Exactly the lines from the one containing "Step 1: scroll down" through the end of the data, and nothing more, should be retyped; pictures stay out.

--- RECORDS PROVIDED Enclosed Below ---

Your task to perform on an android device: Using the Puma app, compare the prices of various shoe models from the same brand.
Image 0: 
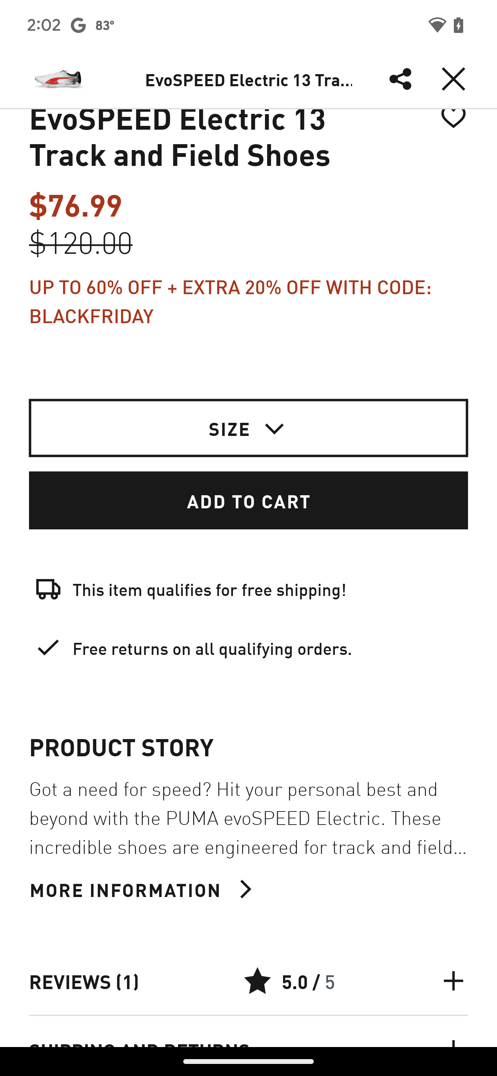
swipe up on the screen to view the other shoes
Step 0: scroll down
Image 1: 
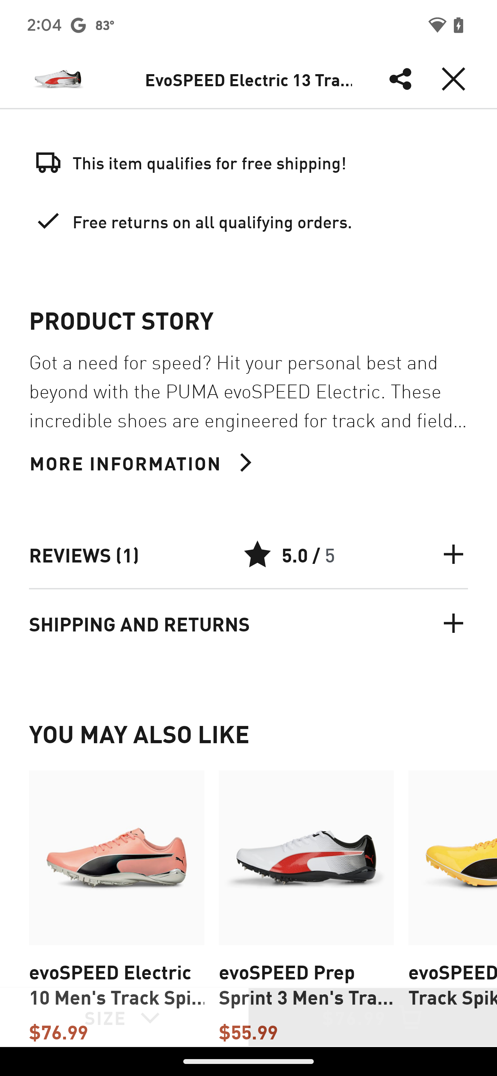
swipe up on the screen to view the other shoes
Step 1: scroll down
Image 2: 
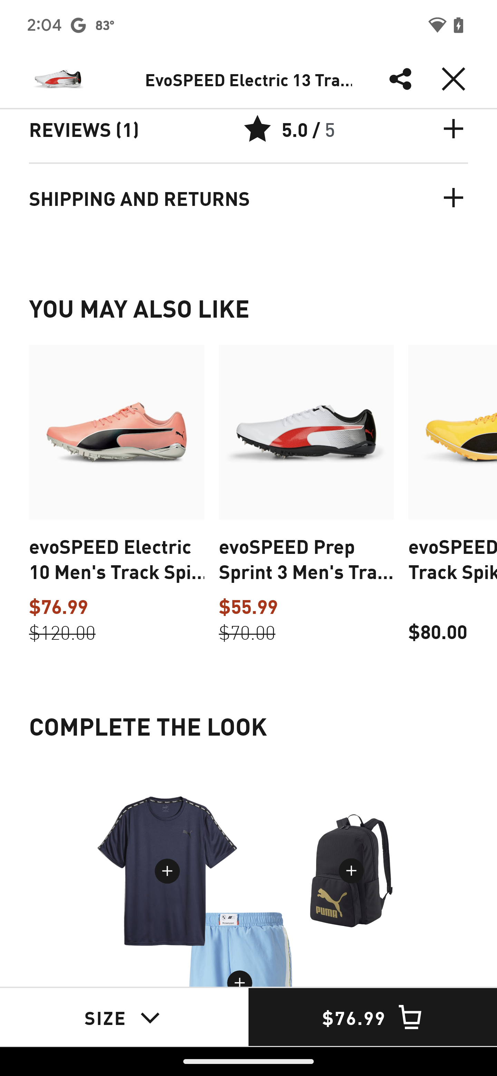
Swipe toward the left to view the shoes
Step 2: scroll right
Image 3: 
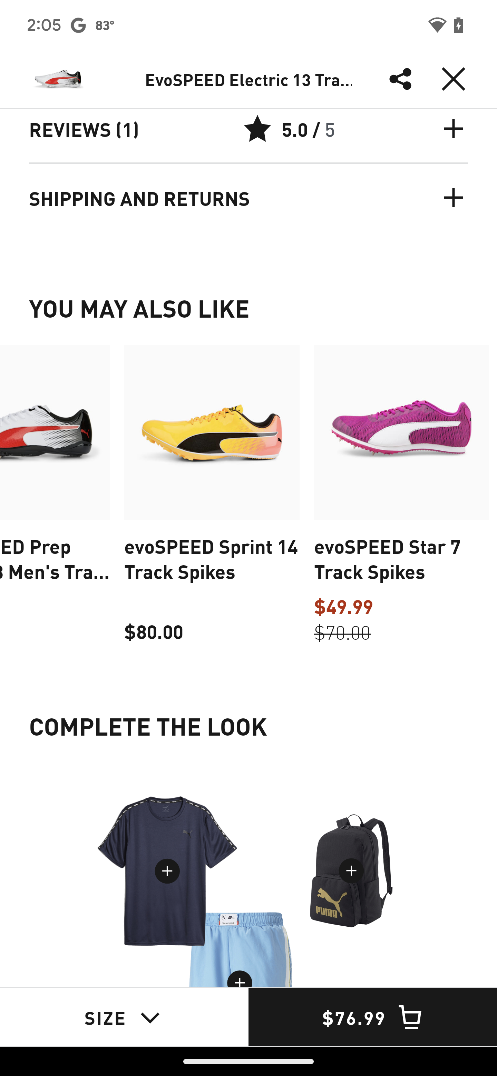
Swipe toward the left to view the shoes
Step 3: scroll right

--- End of Enclosed RECORDS PROVIDED ---

OUTPUT FOR THIS EXERCISE:
Step 1: scroll down
Image 2: 
Swipe toward the left to view the shoes
Step 2: scroll right
Image 3: 
Swipe toward the left to view the shoes
Step 3: scroll right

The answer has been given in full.